Los murales zapatistas, especialmente los de Oventic, son una expresión colectiva de la comunidad. Representan la lucha indígena por la tierra, la identidad y la justicia. También visibilizan el rol de las mujeres en la resistencia, y proyectan la esperanza de un «mundo donde quepan muchos mundos» a través de símbolos de alegría, renovación y autonomía.

¿Qué es la "Travesía por la Vida" y el velero "La Montaña"?

La "Travesía por la Vida" o Gira Zapatista es una iniciativa del EZLN lanzada en 2020 para tejer redes de resistencia y solidaridad con colectivos y organizaciones en los cinco continentes. El velero "La Montaña" fue el barco que transportó a la primera delegación marítima zapatista, el Escuadrón 421, a Europa en 2021, simbolizando la "deconquista" y la conexión global de las luchas.

¿Cuál es el significado de los cayucos zapatistas?

Los cayucos son canoas de madera talladas por las comunidades zapatistas. Simbolizan la cultura maya ancestral, la etapa de clandestinidad y alzamiento del movimiento, la construcción de la autonomía zapatista, y la infancia zapatista. Son objetos con un profundo peso histórico y cultural, que narran la trayectoria del movimiento.

¿Cómo ha impactado el arte zapatista a nivel global?
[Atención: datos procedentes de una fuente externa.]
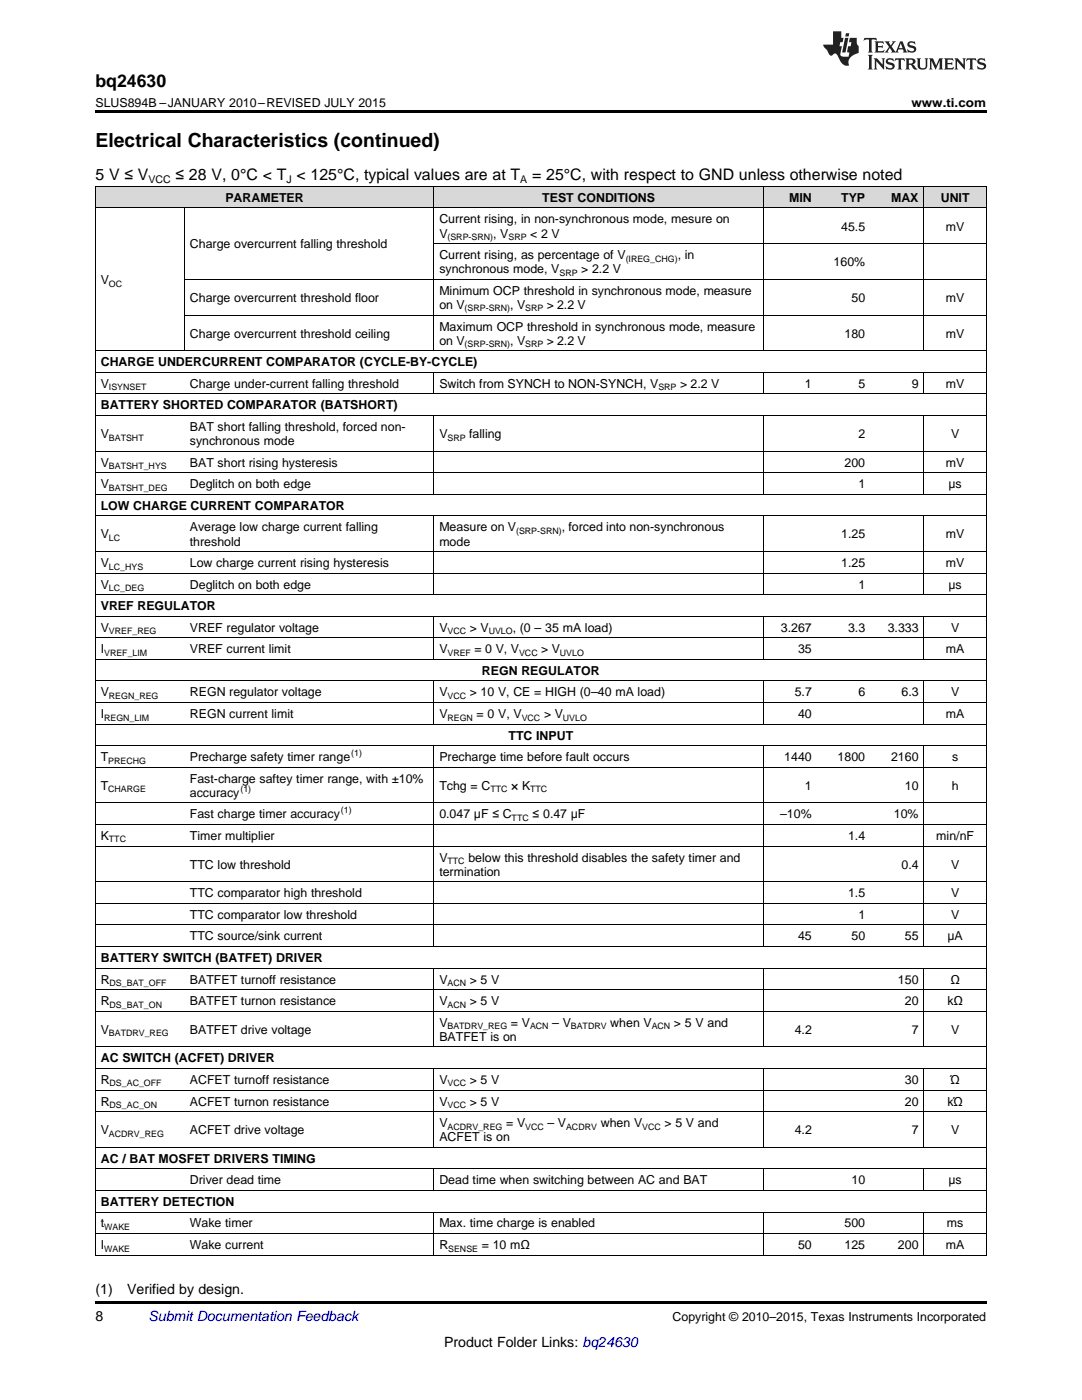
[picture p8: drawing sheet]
<svg xmlns="http://www.w3.org/2000/svg" width="216mm" height="279mm" viewBox="0 0 216 279" stroke-linecap="round" stroke-linejoin="round" font-family="sans-serif">
<defs><g id="words">
<text font-size="3.9" x="19" y="29.3">Electrical Characteristics (continued)</text>
<text font-size="3.5" x="19" y="17.3">bq24630</text>
<g font-size="3.2">
<text x="19" y="36">5 V ≤ V</text>
<text x="35" y="36">≤ 28 V, 0°C &lt; T &lt; 125°C, typical values are at T</text>
<text x="106.2" y="36">= 25°C, with respect to GND unless otherwise noted</text>
</g>
<g font-size="2.8">
<text x="19" y="258.2">(1)</text>
<text x="19" y="263.6">8</text>
<text x="25.4" y="258.2">Verified by design.</text>
<text x="88.6" y="268.9">Product Folder Links: bq24630</text>
</g>
<text font-size="2.8" fill="#0000c8" x="29.6" y="263.6">Submit Documentation Feedback</text>
<g font-size="2.5">
<text x="19" y="21.4">SLUS894B –JANUARY 2010–REVISED JULY 2015</text>
<text x="181.9" y="21.4">www.ti.com</text>
<text x="45" y="40.3">PARAMETER</text>
<text x="108.2" y="40.3">TEST CONDITIONS</text>
<text x="157.5" y="40.3">MIN</text>
<text x="167.9" y="40.3">TYP</text>
<text x="177.8" y="40.3">MAX</text>
<text x="187.7" y="40.3">UNIT</text>
<text x="87.7" y="44.6">Current rising, in non-synchronous mode, mesure on</text>
<text x="87.7" y="47.4">V</text>
<text x="98.4" y="47.4">, V</text>
<text x="105.8" y="47.4">&lt; 2 V</text>
<text x="167.9" y="46">45.5</text>
<text x="188.7" y="46">mV</text>
<text x="37.9" y="49.6">Charge overcurrent falling threshold</text>
<text x="87.7" y="51.7">Current rising, as percentage of V</text>
<text x="135.2" y="51.7">, in</text>
<text x="166.3" y="53.1">160%</text>
<text x="20.1" y="56.7">V</text>
<text x="87.7" y="54.5">synchronous mode, V</text>
<text x="87.7" y="58.8">Minimum OCP threshold in synchronous mode, measure</text>
<text x="116" y="54.5">&gt; 2.2 V</text>
<text x="37.9" y="60.3">Charge overcurrent threshold floor</text>
<text x="87.7" y="61.7">on V</text>
<text x="87.7" y="66">Maximum OCP threshold in synchronous mode, measure</text>
<text x="101.8" y="61.7">, V</text>
<text x="109.1" y="61.7">&gt; 2.2 V</text>
<text x="169.9" y="60.3">50</text>
<text x="188.7" y="60.3">mV</text>
<text x="37.9" y="67.4">Charge overcurrent threshold ceiling</text>
<text x="87.7" y="68.8">on V</text>
<text x="101.8" y="68.8">, V</text>
<text x="109.1" y="68.8">&gt; 2.2 V</text>
<text x="168.5" y="67.4">180</text>
<text x="188.7" y="67.4">mV</text>
<text x="20.1" y="73.1">CHARGE UNDERCURRENT COMPARATOR (CYCLE-BY-CYCLE)</text>
<text x="20.1" y="77.4">V</text>
<text x="37.9" y="77.4">Charge under-current falling threshold</text>
<text x="87.7" y="77.4">Switch from SYNCH to NON-SYNCH, V</text>
<text x="135.7" y="77.4">&gt; 2.2 V</text>
<text x="160.6" y="77.4">1</text>
<text x="171.3" y="77.4">5</text>
<text x="181.9" y="77.4">9</text>
<text x="188.7" y="77.4">mV</text>
<text x="20.1" y="81.7">BATTERY SHORTED COMPARATOR (BATSHORT)</text>
<text x="20.1" y="87.4">V</text>
<text x="37.9" y="86">BAT short falling threshold, forced non-</text>
<text x="37.9" y="88.8">synchronous mode</text>
<text x="87.7" y="87.4">V</text>
<text x="93.6" y="87.4">falling</text>
<text x="171.3" y="87.4">2</text>
<text x="189.8" y="87.4">V</text>
<text x="20.1" y="93.1">V</text>
<text x="37.9" y="93.1">BAT short rising hysteresis</text>
<text x="168.5" y="93.1">200</text>
<text x="188.7" y="93.1">mV</text>
<text x="20.1" y="97.4">V</text>
<text x="20.1" y="101.7">LOW CHARGE CURRENT COMPARATOR</text>
<text x="37.9" y="97.4">Deglitch on both edge</text>
<text x="171.3" y="97.4">1</text>
<text x="189.3" y="97.4">μs</text>
<text x="20.1" y="107.5">V</text>
<text x="37.9" y="106">Average low charge current falling</text>
<text x="87.7" y="106">Measure on V</text>
<text x="112.1" y="106">, forced into non-synchronous</text>
<text x="167.9" y="107.5">1.25</text>
<text x="188.7" y="107.5">mV</text>
<text x="20.1" y="113.2">V</text>
<text x="37.9" y="108.9">threshold</text>
<text x="37.9" y="113.2">Low charge current rising hysteresis</text>
<text x="87.7" y="108.9">mode</text>
<text x="167.9" y="113.2">1.25</text>
<text x="188.7" y="113.2">mV</text>
<text x="20.1" y="117.5">V</text>
<text x="37.9" y="117.5">Deglitch on both edge</text>
<text x="171.3" y="117.5">1</text>
<text x="189.3" y="117.5">μs</text>
<text x="20.1" y="121.8">VREF REGULATOR</text>
<text x="20.1" y="126.1">V</text>
<text x="20.1" y="130.4">I</text>
<text x="37.9" y="126.1">VREF regulator voltage</text>
<text x="37.9" y="130.4">VREF current limit</text>
<text x="87.7" y="126.1">V</text>
<text x="87.7" y="130.4">V</text>
<text x="93.7" y="126.1">&gt; V</text>
<text x="94.7" y="130.4">= 0 V, V</text>
<text x="102.3" y="126.1">, (0 – 35 mA load)</text>
<text x="108" y="130.4">&gt; V</text>
<text x="155.8" y="126.1">3.267</text>
<text x="159.2" y="130.4">35</text>
<text x="169.2" y="126.1">3.3</text>
<text x="177.1" y="126.1">3.333</text>
<text x="188.7" y="130.4">mA</text>
<text x="189.8" y="126.1">V</text>
<text x="96.2" y="134.7">REGN REGULATOR</text>
<text x="20.1" y="139">V</text>
<text x="20.1" y="143.3">I</text>
<text x="37.9" y="139">REGN regulator voltage</text>
<text x="37.9" y="143.3">REGN current limit</text>
<text x="87.7" y="139">V</text>
<text x="87.7" y="143.3">V</text>
<text x="93.7" y="139">&gt; 10 V, CE = HIGH (0–40 mA load)</text>
<text x="95.1" y="143.3">= 0 V, V</text>
<text x="108.5" y="143.3">&gt; V</text>
<text x="158.6" y="139">5.7</text>
<text x="159.2" y="143.3">40</text>
<text x="171.3" y="139">6</text>
<text x="179.9" y="139">6.3</text>
<text x="188.7" y="143.3">mA</text>
<text x="189.8" y="139">V</text>
<text x="101.5" y="147.6">TTC INPUT</text>
<text x="20.1" y="151.9">T</text>
<text x="37.9" y="151.9">Precharge safety timer range</text>
<text x="87.7" y="151.9">Precharge time before fault occurs</text>
<text x="156.5" y="151.9">1440</text>
<text x="167.1" y="151.9">1800</text>
<text x="177.8" y="151.9">2160</text>
<text x="190" y="151.9">s</text>
<text x="20.1" y="157.6">T</text>
<text x="37.9" y="156.2">Fast-charge saftey timer range, with ±10%</text>
<text x="37.9" y="159">accuracy</text>
<text x="87.7" y="157.6">Tchg = C</text>
<text x="102" y="157.6">× K</text>
<text x="160.6" y="157.6">1</text>
<text x="180.6" y="157.6">10</text>
<text x="189.9" y="157.6">h</text>
<text x="20.1" y="167.6">K</text>
<text x="37.9" y="163.3">Fast charge timer accuracy</text>
<text x="37.9" y="167.6">Timer multiplier</text>
<text x="87.7" y="163.3">0.047 μF ≤ C</text>
<text x="106.3" y="163.3">≤ 0.47 μF</text>
<text x="155.7" y="163.3">–10%</text>
<text x="169.2" y="167.6">1.4</text>
<text x="178.4" y="163.3">10%</text>
<text x="186.8" y="167.6">min/nF</text>
<text x="37.9" y="173.4">TTC low threshold</text>
<text x="87.7" y="171.9">V</text>
<text x="93.5" y="171.9">below this threshold disables the safety timer and</text>
<text x="179.9" y="173.4">0.4</text>
<text x="189.8" y="173.4">V</text>
<text x="37.9" y="179.1">TTC comparator high threshold</text>
<text x="87.7" y="174.8">termination</text>
<text x="169.2" y="179.1">1.5</text>
<text x="189.8" y="179.1">V</text>
<text x="37.9" y="183.4">TTC comparator low threshold</text>
<text x="171.3" y="183.4">1</text>
<text x="189.8" y="183.4">V</text>
<text x="20.1" y="192">BATTERY SWITCH (BATFET) DRIVER</text>
<text x="37.9" y="187.7">TTC source/sink current</text>
<text x="159.2" y="187.7">45</text>
<text x="169.9" y="187.7">50</text>
<text x="180.6" y="187.7">55</text>
<text x="189.1" y="187.7">μA</text>
<text x="20.1" y="196.3">R</text>
<text x="37.9" y="196.3">BATFET turnoff resistance</text>
<text x="87.7" y="196.3">V</text>
<text x="93.7" y="196.3">&gt; 5 V</text>
<text x="179.2" y="196.3">150</text>
<text x="189.7" y="196.3">Ω</text>
<text x="20.1" y="200.6">R</text>
<text x="37.9" y="200.6">BATFET turnon resistance</text>
<text x="87.7" y="200.6">V</text>
<text x="93.7" y="200.6">&gt; 5 V</text>
<text x="180.6" y="200.6">20</text>
<text x="189.1" y="200.6">kΩ</text>
<text x="20.1" y="206.3">V</text>
<text x="37.9" y="206.3">BATFET drive voltage</text>
<text x="87.7" y="204.9">V</text>
<text x="87.7" y="207.7">BATFET is on</text>
<text x="102" y="204.9">= V</text>
<text x="110.2" y="204.9">– V</text>
<text x="121.8" y="204.9">when V</text>
<text x="134.5" y="204.9">&gt; 5 V and</text>
<text x="158.6" y="206.3">4.2</text>
<text x="181.9" y="206.3">7</text>
<text x="189.8" y="206.3">V</text>
<text x="20.1" y="212">AC SWITCH (ACFET) DRIVER</text>
<text x="20.1" y="216.3">R</text>
<text x="20.1" y="220.6">R</text>
<text x="37.9" y="216.3">ACFET turnoff resistance</text>
<text x="37.9" y="220.6">ACFET turnon resistance</text>
<text x="87.7" y="216.3">V</text>
<text x="87.7" y="220.6">V</text>
<text x="93.7" y="216.3">&gt; 5 V</text>
<text x="93.7" y="220.6">&gt; 5 V</text>
<text x="180.6" y="216.3">30</text>
<text x="180.6" y="220.6">20</text>
<text x="189.1" y="220.6">kΏ</text>
<text x="189.7" y="216.3">Ώ</text>
<text x="20.1" y="226.3">V</text>
<text x="37.9" y="226.3">ACFET drive voltage</text>
<text x="87.7" y="224.9">V</text>
<text x="87.7" y="227.8">ACFET is on</text>
<text x="101" y="224.9">= V</text>
<text x="109.3" y="224.9">– V</text>
<text x="119.9" y="224.9">when V</text>
<text x="132.6" y="224.9">&gt; 5 V and</text>
<text x="158.6" y="226.3">4.2</text>
<text x="181.9" y="226.3">7</text>
<text x="189.8" y="226.3">V</text>
<text x="20.1" y="232.1">AC / BAT MOSFET DRIVERS TIMING</text>
<text x="37.9" y="236.4">Driver dead time</text>
<text x="87.7" y="236.4">Dead time when switching between AC and BAT</text>
<text x="169.9" y="236.4">10</text>
<text x="189.3" y="236.4">μs</text>
<text x="20.1" y="240.7">BATTERY DETECTION</text>
<text x="20.1" y="245">t</text>
<text x="37.9" y="245">Wake timer</text>
<text x="87.7" y="245">Max. time charge is enabled</text>
<text x="168.5" y="245">500</text>
<text x="188.9" y="245">ms</text>
<text x="20.1" y="249.3">I</text>
<text x="37.9" y="249.3">Wake current</text>
<text x="87.7" y="249.3">R</text>
<text x="96.1" y="249.3">= 10 mΩ</text>
<text x="159.2" y="249.3">50</text>
<text x="168.5" y="249.3">125</text>
<text x="179.2" y="249.3">200</text>
<text x="188.7" y="249.3">mA</text>
<text x="134.2" y="263.6">Copyright © 2010–2015, Texas Instruments Incorporated</text>
</g>
<g font-size="2.1">
<text x="29.6" y="36.6">VCC</text>
<text x="57.1" y="36.6">J</text>
<text x="103.8" y="36.6">A</text>
</g>
<g font-size="1.8">
<text x="89.3" y="47.9">(SRP-SRN)</text>
<text x="101.5" y="47.9">SRP</text>
<text x="124.8" y="52.2">(IREG_CHG)</text>
<text x="21.7" y="57.2">OC</text>
<text x="111.7" y="55">SRP</text>
<text x="92.7" y="62.2">(SRP-SRN)</text>
<text x="104.8" y="62.2">SRP</text>
<text x="92.7" y="69.3">(SRP-SRN)</text>
<text x="104.8" y="69.3">SRP</text>
<text x="21.7" y="77.9">ISYNSET</text>
<text x="131.4" y="77.9">SRP</text>
<text x="21.7" y="87.9">BATSHT</text>
<text x="89.3" y="87.9">SRP</text>
<text x="21.7" y="93.6">BATSHT_HYS</text>
<text x="21.7" y="97.9">BATSHT_DEG</text>
<text x="21.7" y="107.9">LC</text>
<text x="103" y="106.5">(SRP-SRN)</text>
<text x="21.7" y="113.7">LC_HYS</text>
<text x="21.7" y="118">LC_DEG</text>
<text x="20.8" y="130.9">VREF_LIM</text>
<text x="21.7" y="126.6">VREF_REG</text>
<text x="89.3" y="126.6">VCC</text>
<text x="89.3" y="130.9">VREF</text>
<text x="97.5" y="126.6">UVLO</text>
<text x="103.6" y="130.9">VCC</text>
<text x="111.7" y="130.9">UVLO</text>
<text x="20.8" y="143.8">REGN_LIM</text>
<text x="21.7" y="139.5">REGN_REG</text>
<text x="89.3" y="139.5">VCC</text>
<text x="89.3" y="143.8">REGN</text>
<text x="104.1" y="143.8">VCC</text>
<text x="112.3" y="143.8">UVLO</text>
<text x="21.6" y="152.4">PRECHG</text>
<text x="70.1" y="150.9">(1)</text>
<text x="21.6" y="158.1">CHARGE</text>
<text x="48" y="158">(1)</text>
<text x="97.9" y="158.1">TTC</text>
<text x="105.8" y="158.1">TTC</text>
<text x="68" y="162.3">(1)</text>
<text x="102.1" y="163.8">TTC</text>
<text x="21.7" y="168.1">TTC</text>
<text x="89.3" y="172.4">TTC</text>
<text x="21.9" y="196.8">DS_BAT_OFF</text>
<text x="89.3" y="196.8">ACN</text>
<text x="21.9" y="201.1">DS_BAT_ON</text>
<text x="89.3" y="201.1">ACN</text>
<text x="21.7" y="206.8">BATDRV_REG</text>
<text x="89.3" y="205.4">BATDRV_REG</text>
<text x="105.8" y="205.4">ACN</text>
<text x="113.9" y="205.4">BATDRV</text>
<text x="130" y="205.4">ACN</text>
<text x="21.9" y="216.8">DS_AC_OFF</text>
<text x="21.9" y="221.1">DS_AC_ON</text>
<text x="89.3" y="216.8">VCC</text>
<text x="89.3" y="221.1">VCC</text>
<text x="21.7" y="226.8">ACDRV_REG</text>
<text x="89.3" y="225.4">ACDRV_REG</text>
<text x="104.8" y="225.4">VCC</text>
<text x="113" y="225.4">ACDRV</text>
<text x="128.1" y="225.4">VCC</text>
<text x="20.8" y="245.5">WAKE</text>
<text x="20.8" y="249.8">WAKE</text>
<text x="89.4" y="249.8">SENSE</text>
</g>
</g></defs>
<g fill="#d8d8d8">
<path d="M19 37.3h17.8v4.3h-17.8z"/>
<path d="M36.8 37.3h49.8v4.3h-49.8z"/>
<path d="M86.6 37.3h65.8v4.3h-65.8z"/>
<path d="M152.4 37.3h10.7v4.3h-10.7z"/>
<path d="M163.1 37.3h10.6v4.3h-10.6z"/>
<path d="M173.7 37.3h10.7v4.3h-10.7z"/>
<path d="M184.4 37.3h12.4v4.3h-12.4z"/>
</g>
<path d="M19 22h177.8v.5h-177.8zM19 259.7h177.8v.5h-177.8z" fill="#000"/>
<g fill="none" stroke="#000" stroke-width=".2">
<path d="M19 37.2h177.8v213.3M19.1 37.2v213.3M86.6 37.2v32.9M152.3 37.2v32.9M184.3 37.2v32.9M19 41.5h177.8M36.8 41.6v28.5M36.8 55.8h160M86.6 48.6h110.2M19 78.6h177.8M19 74.3h177.8M19 70h177.8"/>
<path d="M36.8 62.9h160M86.6 74.4v4.3M152.3 74.4v4.3M184.3 74.4v4.3M19 98.7h177.8M19 94.4h177.8M19 90h177.8M19 82.9h177.8M86.6 83v15.7M152.3 83v15.7M184.3 83v15.7M19 118.7h177.8"/>
<path d="M19 114.4h177.8M19 110.1h177.8M19 103h177.8M86.6 103v15.7M152.3 103v15.7M184.3 103v15.7M19 135.9h177.8M19 131.6h177.8M19 127.3h177.8M19 123h177.8M86.6 123v8.7M86.6 136v8.6"/>
<path d="M152.3 123v8.7M152.3 136v8.6M184.3 123v8.7M184.3 136v8.6M19 153.1h177.8M19 148.8h177.8M19 144.5h177.8M19 140.2h177.8M86.6 148.9v40M152.3 148.9v40M184.3 148.9v40M19 176h177.8"/>
<path d="M19 168.9h177.8M19 164.6h177.8M19 160.2h177.8M19 197.5h177.8M19 193.2h177.8M19 188.9h177.8M19 184.6h177.8M19 180.3h177.8M86.6 193.3v15.7M152.3 193.3v15.7M184.3 193.3v15.7M19 217.5h177.8"/>
<path d="M19 213.2h177.8M19 208.9h177.8M19 201.8h177.8M86.6 213.3v15.7M152.3 213.3v15.7M184.3 213.3v15.7M19 237.6h177.8M19 233.3h177.8M19 229h177.8M19 221.8h177.8M86.6 233.3v4.3M152.3 233.3v4.3"/>
<path d="M184.3 233.3v4.3M19 250.5h177.8M19 246.2h177.8M19 241.9h177.8M86.6 241.9v8.6M152.3 241.9v8.6M184.3 241.9v8.6"/>
</g>
<g fill="#231f20">
<path d="M172.5 7.6l-.1 .5 .4-.2h.6v.1v2.1l-.2 .4h.9l-.2-.4v-2.1l.1-.1h.5l.5 .2-.2-.5zM174.5 8.3l.2 .3v1.5l-.2 .4h1.8l.2-.6a1.04 1.04 0 0 1-1.3 .2v-.7h.6l.3 .2v-.6l-.3 .2h-.6v-.6l.8-.1 .4 .3-.2-.5zM176.5 8.3l.9 1.1-.9 1.1h.8l-.2-.2 .4-.7 .5 .7-.2 .2h1.5l-.2-.2 .2-.4h.9l.1 .4-.2 .2h1l-.3-.3-.7-1.9h-.5l-.9 2-.8-1 .9-1h-.8l.1 .3-.4 .5-.3-.6 .1-.2zM179.7 8.6l.4 1h-.7zM181.3 8.4a.63 .63 0 0 0-.2 .7 .63 .63 0 0 0 .6 .4l.6 .2 .1 .2a.75 .75 0 0 1-.7 .4 .75 .75 0 0 1-.6-.5l.1 .7 .1-.1a1.11 1.11 0 0 0 1.5-.6 1.13 1.13 0 0 0-1.2-.8l-.1-.4a1.04 1.04 0 0 1 1.2 .2l-.2-.5-.2 .1-.4-.2zM173.2 10.9l.2 .4v2.2l-.2 .4h1l-.3-.4v-2.2l.3-.4zM174.3 11.6l.3 .4v1.5l-.3 .4h.8l-.2-.4v-1.3l1.5 1.7v-1.9l.2-.4h-.7l.2 .4v.9l-1.1-1.3zM177 11.8a.62 .62 0 0 0-.2 .7 .62 .62 0 0 0 .6 .4l.6 .1 .1 .3a.76 .76 0 0 1-.7 .3 .76 .76 0 0 1-.7-.4l.2 .7 .1-.1a1.11 1.11 0 0 0 1.5-.6 1.13 1.13 0 0 0-1.2-.8l-.1-.4a1.04 1.04 0 0 1 1.2 .2l-.2-.6-.2 .1-.5-.1zM178.7 11.6l-.2 .6a.61 .61 0 0 1 .8-.3v1.6l-.2 .4h.9l-.2-.4v-1.6a.63 .63 0 0 1 .7 .3l-.1-.6zM180.6 11.6l.3 .4v1.5l-.3 .4h1l-.2-.2-.1-.8 .6 .2a.76 .76 0 0 0 1.2 .7l-1-1a.58 .58 0 0 0 .6-.5 .58 .58 0 0 0-.5-.6zM181.4 11.9h.1a.45 .45 0 0 1 .5 .1 .45 .45 0 0 1 .1 .5l-.8 .2zM182.9 11.6l.2 .2a2.17 2.17 0 0 0 .3 1.9 .99 .99 0 0 0 1.6-.6v-1.1l.2-.4h-.7l.2 .2a1.92 1.92 0 0 1-.2 1.8 .6 .6 0 0 1-.9-.5v-1.1l.2-.4zM185.4 11.6l.2 .4v1.5l-.2 .4h.7l-.2-.4v-1.4l.8 1.8 .8-1.8v1.4l-.2 .4h.9l-.2-.4v-1.5l.2-.4h-.8l-.6 1.5-.6-1.5zM188.4 11.6l.2 .4v1.5l-.2 .4h1.8l.1-.6a1.04 1.04 0 0 1-1.2 .1v-.6h.5l.4 .2v-.6l-.4 .2h-.5v-.7h.8l.3 .3-.1-.6zM190.5 11.6l.2 .4v1.5l-.2 .4h.7l-.2-.4v-1.3l1.5 1.7v-1.9l.2-.4h-.7l.2 .4v.9l-1.1-1.3zM192.9 11.6l-.1 .6a.61 .61 0 0 1 .7-.3l.1 1.6-.3 .4h1l-.3-.4 .1-1.6a.63 .63 0 0 1 .7 .3l-.1-.6zM195.2 11.8a.62 .62 0 0 0-.2 .7 .62 .62 0 0 0 .6 .4l.6 .1 .1 .3a.76 .76 0 0 1-.7 .3 .76 .76 0 0 1-.6-.4l.1 .7 .1-.1a1.11 1.11 0 0 0 1.6-.6 1.13 1.13 0 0 0-1.3-.8l-.1-.4a1.04 1.04 0 0 1 1.2 .2l-.1-.6-.2 .1-.5-.1z"/>
<path d="M166.2 6.3v2.6h-1.9v.4l.8 .9a.91 .91 0 0 0 1 .8 .56 .56 0 0 1 .5-.3 .56 .56 0 0 1 .5 .3l.4 .8a1.53 1.53 0 0 0 1.9 1.2 1.54 1.54 0 0 1 1-2.1l.9-.3v-1.4a1.52 1.52 0 0 1-.4-1.6h-1.3l-.2 .8h.5l-.2 .8h-.5l-.1 1v.2l.4 .1-.2 .8a1.93 1.93 0 0 1-1.6-.3l.3-1.8h-.5l.2-.8h.4l.2-.8h-.4v-1.3zM168.6 7.6l-.6 2.9h.7l.6-2.9zM168.8 6.6l-.1 .7h.6l.2-.7z"/>
</g>
<use href="#words"/>
</svg>

El arte zapatista ha tenido un impacto global significativo, trascendiendo fronteras y medios. Las imágenes y símbolos, como el barquito de "La Montaña", han impulsado acciones de solidaridad en Europa y México, han sido interpretados en cómics y han llegado incluso a museos de arte contemporáneo como el Reina Sofía en Madrid, demostrando la capacidad del arte para politizar y unir culturas de resistencia.